> [WHAT THIS TASK INVOLVES]: Set down every record below exactly as written, but leave out the pictures.

Collection entries
****
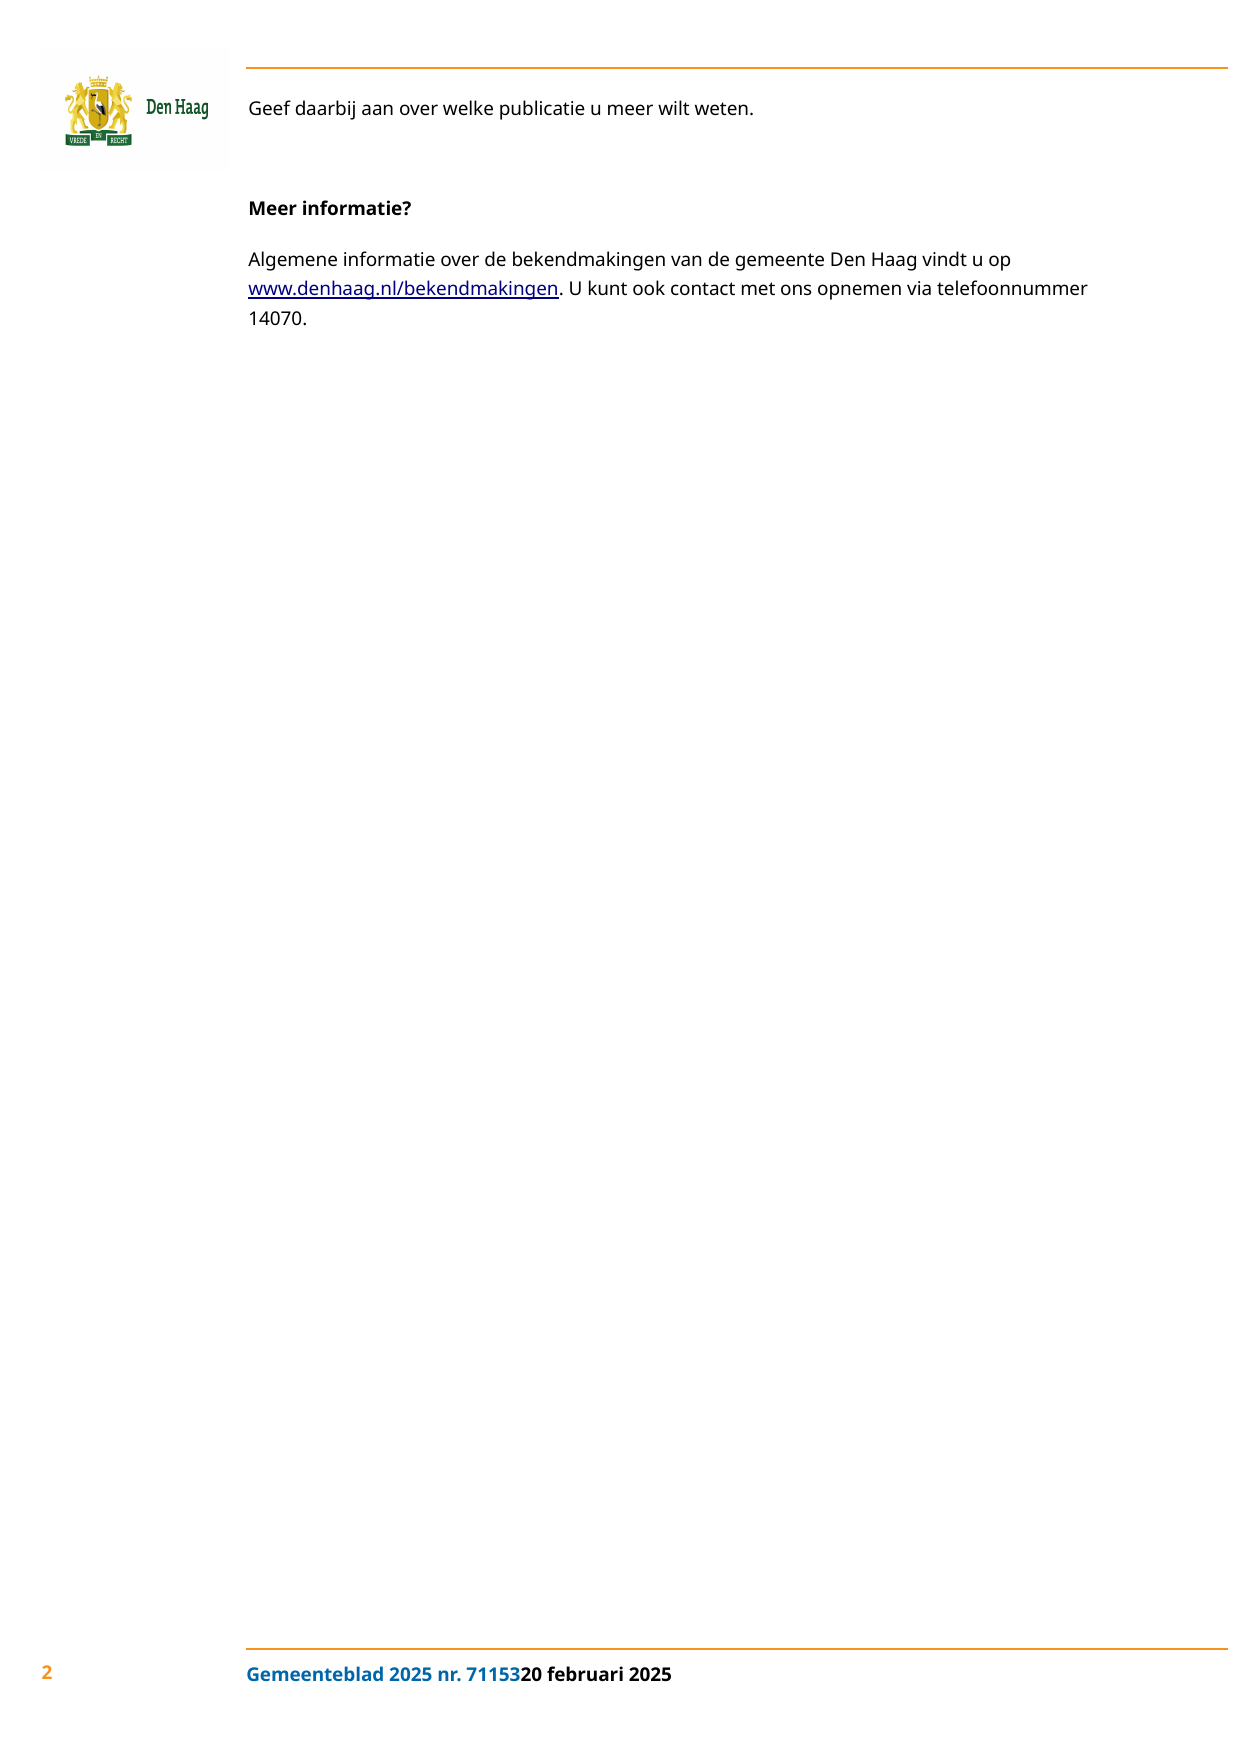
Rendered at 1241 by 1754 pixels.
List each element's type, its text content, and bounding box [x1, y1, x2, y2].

text Algemene informatie over de bekendmakingen van de gemeente Den Haag vindt u op www.denhaag.nl/bekendmakingen. U kunt ook contact met ons opnemen via telefoonnummer 14070. [248, 246, 1152, 331]
text Meer informatie? [248, 196, 1152, 221]
picture [41, 47, 231, 172]
text Geef daarbij aan over welke publicatie u meer wilt weten. [248, 95, 1152, 121]
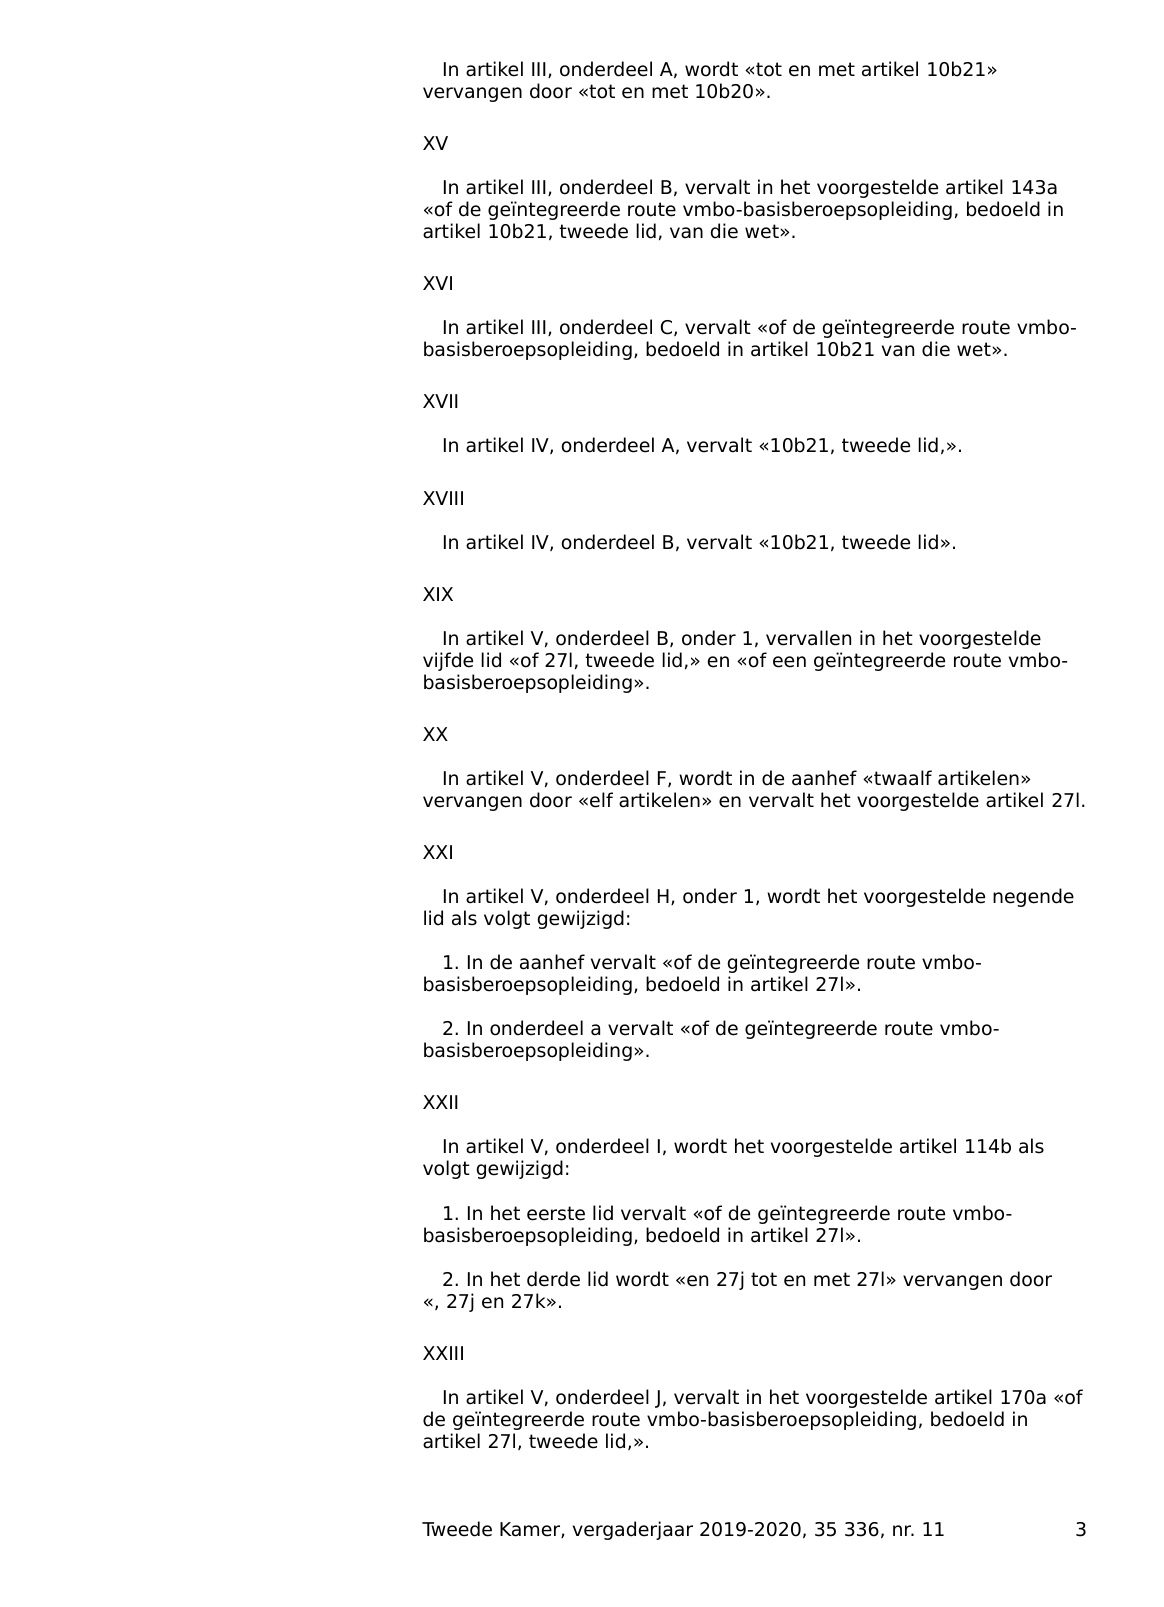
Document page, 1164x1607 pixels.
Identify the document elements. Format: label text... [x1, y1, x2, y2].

subtitle XXI [422, 842, 1087, 864]
text 2. In het derde lid wordt «en 27j tot en met 27l» vervangen door «, 27j en 27k». [422, 1269, 1087, 1313]
text In artikel V, onderdeel B, onder 1, vervallen in het voorgestelde vijfde lid «of 27l, tweede lid,» en «of een geïntegreerde route vmbo-basisberoepsopleiding». [422, 628, 1087, 694]
text In artikel V, onderdeel J, vervalt in het voorgestelde artikel 170a «of de geïntegreerde route vmbo-basisberoepsopleiding, bedoeld in artikel 27l, tweede lid,». [422, 1387, 1087, 1453]
subtitle XXII [422, 1092, 1087, 1114]
subtitle XV [422, 133, 1087, 155]
text In artikel III, onderdeel B, vervalt in het voorgestelde artikel 143a «of de geïntegreerde route vmbo-basisberoepsopleiding, bedoeld in artikel 10b21, tweede lid, van die wet». [422, 177, 1087, 243]
text In artikel V, onderdeel I, wordt het voorgestelde artikel 114b als volgt gewijzigd: [422, 1136, 1087, 1180]
text In artikel V, onderdeel F, wordt in de aanhef «twaalf artikelen» vervangen door «elf artikelen» en vervalt het voorgestelde artikel 27l. [422, 768, 1087, 812]
subtitle XVIII [422, 487, 1087, 509]
subtitle XXIII [422, 1343, 1087, 1364]
subtitle XVII [422, 391, 1087, 413]
text In artikel IV, onderdeel B, vervalt «10b21, tweede lid». [422, 532, 1087, 553]
subtitle XX [422, 724, 1087, 746]
text In artikel III, onderdeel A, wordt «tot en met artikel 10b21» vervangen door «tot en met 10b20». [422, 59, 1087, 103]
subtitle XIX [422, 583, 1087, 606]
subtitle XVI [422, 273, 1087, 295]
text 1. In de aanhef vervalt «of de geïntegreerde route vmbo-basisberoepsopleiding, bedoeld in artikel 27l». [422, 952, 1087, 996]
text 2. In onderdeel a vervalt «of de geïntegreerde route vmbo-basisberoepsopleiding». [422, 1018, 1087, 1062]
text 1. In het eerste lid vervalt «of de geïntegreerde route vmbo-basisberoepsopleiding, bedoeld in artikel 27l». [422, 1202, 1087, 1246]
text In artikel IV, onderdeel A, vervalt «10b21, tweede lid,». [422, 435, 1087, 457]
text In artikel III, onderdeel C, vervalt «of de geïntegreerde route vmbo-basisberoepsopleiding, bedoeld in artikel 10b21 van die wet». [422, 317, 1087, 361]
text In artikel V, onderdeel H, onder 1, wordt het voorgestelde negende lid als volgt gewijzigd: [422, 886, 1087, 930]
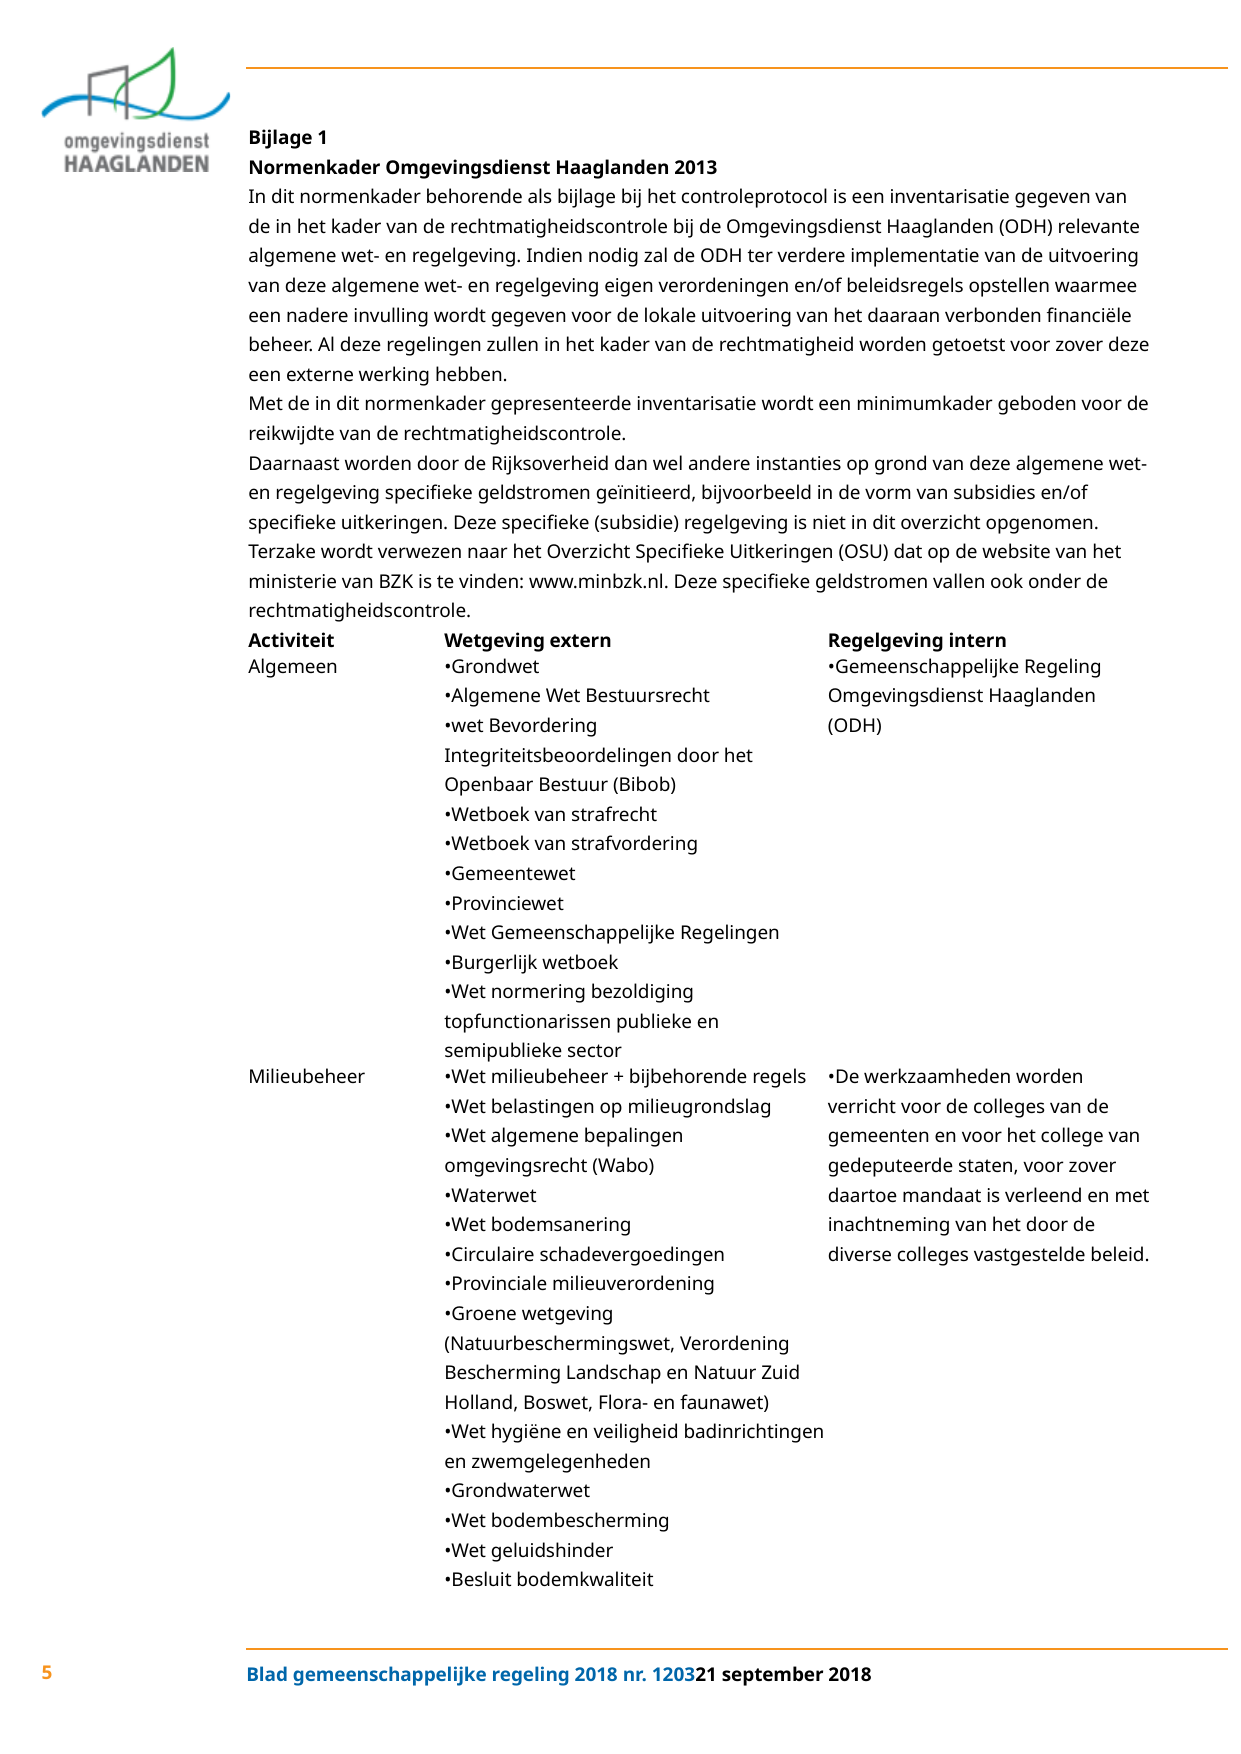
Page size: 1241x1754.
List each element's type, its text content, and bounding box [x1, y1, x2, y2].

text Daarnaast worden door de Rijksoverheid dan wel andere instanties op grond van deze algemene wet- en regelgeving specifieke geldstromen geïnitieerd, bijvoorbeeld in de vorm van subsidies en/of specifieke uitkeringen. Deze specifieke (subsidie) regelgeving is niet in dit overzicht opgenomen. Terzake wordt verwezen naar het Overzicht Specifieke Uitkeringen (OSU) dat op de website van het ministerie van BZK is te vinden: www.minbzk.nl. Deze specifieke geldstromen vallen ook onder de rechtmatigheidscontrole. [248, 450, 1152, 623]
text Bijlage 1 [248, 124, 1152, 150]
text Normenkader Omgevingsdienst Haaglanden 2013 [248, 154, 1152, 180]
table_header Wetgeving extern [444, 628, 828, 653]
table_cell •Gemeenschappelijke Regeling Omgevingsdienst Haaglanden (ODH) [828, 653, 1152, 1063]
table_cell •Wet milieubeheer + bijbehorende regels •Wet belastingen op milieugrondslag •Wet algemene bepalingen omgevingsrecht (Wabo) •Waterwet •Wet bodemsanering •Circulaire schadevergoedingen •Provinciale milieuverordening •Groene wetgeving (Natuurbeschermingswet, Verordening Bescherming Landschap en Natuur Zuid Holland, Boswet, Flora- en faunawet) •Wet hygiëne en veiligheid badinrichtingen en zwemgelegenheden •Grondwaterwet •Wet bodembescherming •Wet geluidshinder •Besluit bodemkwaliteit [444, 1064, 828, 1592]
table_header Activiteit [248, 628, 444, 653]
table_header Regelgeving intern [828, 628, 1152, 653]
table_cell •De werkzaamheden worden verricht voor de colleges van de gemeenten en voor het college van gedeputeerde staten, voor zover daartoe mandaat is verleend en met inachtneming van het door de diverse colleges vastgestelde beleid. [828, 1064, 1152, 1592]
table_cell •Grondwet •Algemene Wet Bestuursrecht •wet Bevordering Integriteitsbeoordelingen door het Openbaar Bestuur (Bibob) •Wetboek van strafrecht •Wetboek van strafvordering •Gemeentewet •Provinciewet •Wet Gemeenschappelijke Regelingen •Burgerlijk wetboek •Wet normering bezoldiging topfunctionarissen publieke en semipublieke sector [444, 653, 828, 1063]
table_cell Milieubeheer [248, 1064, 444, 1592]
table_cell Algemeen [248, 653, 444, 1063]
text In dit normenkader behorende als bijlage bij het controleprotocol is een inventarisatie gegeven van de in het kader van de rechtmatigheidscontrole bij de Omgevingsdienst Haaglanden (ODH) relevante algemene wet- en regelgeving. Indien nodig zal de ODH ter verdere implementatie van de uitvoering van deze algemene wet- en regelgeving eigen verordeningen en/of beleidsregels opstellen waarmee een nadere invulling wordt gegeven voor de lokale uitvoering van het daaraan verbonden financiële beheer. Al deze regelingen zullen in het kader van de rechtmatigheid worden getoetst voor zover deze een externe werking hebben. [248, 183, 1152, 387]
text Met de in dit normenkader gepresenteerde inventarisatie wordt een minimumkader geboden voor de reikwijdte van de rechtmatigheidscontrole. [248, 391, 1152, 446]
picture [41, 47, 231, 172]
****
> [OUTPUT FOR THIS EXERCISE]:
Rendered at 1241 by 1754 pixels.
List each element's type, its text content, and bounding box [x1, y1, x2, y2].

text Algemene informatie over de bekendmakingen van de gemeente Den Haag vindt u op www.denhaag.nl/bekendmakingen. U kunt ook contact met ons opnemen via telefoonnummer 14070. [248, 246, 1152, 331]
text Meer informatie? [248, 196, 1152, 221]
picture [41, 47, 231, 172]
text Geef daarbij aan over welke publicatie u meer wilt weten. [248, 95, 1152, 121]
Document page, 1164x1607 pixels.
Identify the document elements. Format: label text... [x1, y1, x2, y2].

subtitle XXI [422, 842, 1087, 864]
text 2. In het derde lid wordt «en 27j tot en met 27l» vervangen door «, 27j en 27k». [422, 1269, 1087, 1313]
text In artikel V, onderdeel B, onder 1, vervallen in het voorgestelde vijfde lid «of 27l, tweede lid,» en «of een geïntegreerde route vmbo-basisberoepsopleiding». [422, 628, 1087, 694]
text In artikel V, onderdeel J, vervalt in het voorgestelde artikel 170a «of de geïntegreerde route vmbo-basisberoepsopleiding, bedoeld in artikel 27l, tweede lid,». [422, 1387, 1087, 1453]
subtitle XXII [422, 1092, 1087, 1114]
subtitle XV [422, 133, 1087, 155]
text In artikel III, onderdeel B, vervalt in het voorgestelde artikel 143a «of de geïntegreerde route vmbo-basisberoepsopleiding, bedoeld in artikel 10b21, tweede lid, van die wet». [422, 177, 1087, 243]
text In artikel V, onderdeel I, wordt het voorgestelde artikel 114b als volgt gewijzigd: [422, 1136, 1087, 1180]
text In artikel V, onderdeel F, wordt in de aanhef «twaalf artikelen» vervangen door «elf artikelen» en vervalt het voorgestelde artikel 27l. [422, 768, 1087, 812]
subtitle XVIII [422, 487, 1087, 509]
subtitle XXIII [422, 1343, 1087, 1364]
subtitle XVII [422, 391, 1087, 413]
text In artikel IV, onderdeel B, vervalt «10b21, tweede lid». [422, 532, 1087, 553]
subtitle XX [422, 724, 1087, 746]
text In artikel III, onderdeel A, wordt «tot en met artikel 10b21» vervangen door «tot en met 10b20». [422, 59, 1087, 103]
subtitle XIX [422, 583, 1087, 606]
subtitle XVI [422, 273, 1087, 295]
text 1. In de aanhef vervalt «of de geïntegreerde route vmbo-basisberoepsopleiding, bedoeld in artikel 27l». [422, 952, 1087, 996]
text 2. In onderdeel a vervalt «of de geïntegreerde route vmbo-basisberoepsopleiding». [422, 1018, 1087, 1062]
text 1. In het eerste lid vervalt «of de geïntegreerde route vmbo-basisberoepsopleiding, bedoeld in artikel 27l». [422, 1202, 1087, 1246]
text In artikel IV, onderdeel A, vervalt «10b21, tweede lid,». [422, 435, 1087, 457]
text In artikel III, onderdeel C, vervalt «of de geïntegreerde route vmbo-basisberoepsopleiding, bedoeld in artikel 10b21 van die wet». [422, 317, 1087, 361]
text In artikel V, onderdeel H, onder 1, wordt het voorgestelde negende lid als volgt gewijzigd: [422, 886, 1087, 930]
Page size: 1241x1754.
List each element's type, its text content, and bounding box [x1, y1, x2, y2].

text Daarnaast worden door de Rijksoverheid dan wel andere instanties op grond van deze algemene wet- en regelgeving specifieke geldstromen geïnitieerd, bijvoorbeeld in de vorm van subsidies en/of specifieke uitkeringen. Deze specifieke (subsidie) regelgeving is niet in dit overzicht opgenomen. Terzake wordt verwezen naar het Overzicht Specifieke Uitkeringen (OSU) dat op de website van het ministerie van BZK is te vinden: www.minbzk.nl. Deze specifieke geldstromen vallen ook onder de rechtmatigheidscontrole. [248, 450, 1152, 623]
text Bijlage 1 [248, 124, 1152, 150]
text Normenkader Omgevingsdienst Haaglanden 2013 [248, 154, 1152, 180]
table_header Wetgeving extern [444, 628, 828, 653]
table_cell •Gemeenschappelijke Regeling Omgevingsdienst Haaglanden (ODH) [828, 653, 1152, 1063]
table_cell •Wet milieubeheer + bijbehorende regels •Wet belastingen op milieugrondslag •Wet algemene bepalingen omgevingsrecht (Wabo) •Waterwet •Wet bodemsanering •Circulaire schadevergoedingen •Provinciale milieuverordening •Groene wetgeving (Natuurbeschermingswet, Verordening Bescherming Landschap en Natuur Zuid Holland, Boswet, Flora- en faunawet) •Wet hygiëne en veiligheid badinrichtingen en zwemgelegenheden •Grondwaterwet •Wet bodembescherming •Wet geluidshinder •Besluit bodemkwaliteit [444, 1064, 828, 1592]
table_header Activiteit [248, 628, 444, 653]
table_header Regelgeving intern [828, 628, 1152, 653]
table_cell •De werkzaamheden worden verricht voor de colleges van de gemeenten en voor het college van gedeputeerde staten, voor zover daartoe mandaat is verleend en met inachtneming van het door de diverse colleges vastgestelde beleid. [828, 1064, 1152, 1592]
table_cell •Grondwet •Algemene Wet Bestuursrecht •wet Bevordering Integriteitsbeoordelingen door het Openbaar Bestuur (Bibob) •Wetboek van strafrecht •Wetboek van strafvordering •Gemeentewet •Provinciewet •Wet Gemeenschappelijke Regelingen •Burgerlijk wetboek •Wet normering bezoldiging topfunctionarissen publieke en semipublieke sector [444, 653, 828, 1063]
table_cell Milieubeheer [248, 1064, 444, 1592]
table_cell Algemeen [248, 653, 444, 1063]
text In dit normenkader behorende als bijlage bij het controleprotocol is een inventarisatie gegeven van de in het kader van de rechtmatigheidscontrole bij de Omgevingsdienst Haaglanden (ODH) relevante algemene wet- en regelgeving. Indien nodig zal de ODH ter verdere implementatie van de uitvoering van deze algemene wet- en regelgeving eigen verordeningen en/of beleidsregels opstellen waarmee een nadere invulling wordt gegeven voor de lokale uitvoering van het daaraan verbonden financiële beheer. Al deze regelingen zullen in het kader van de rechtmatigheid worden getoetst voor zover deze een externe werking hebben. [248, 183, 1152, 387]
text Met de in dit normenkader gepresenteerde inventarisatie wordt een minimumkader geboden voor de reikwijdte van de rechtmatigheidscontrole. [248, 391, 1152, 446]
picture [41, 47, 231, 172]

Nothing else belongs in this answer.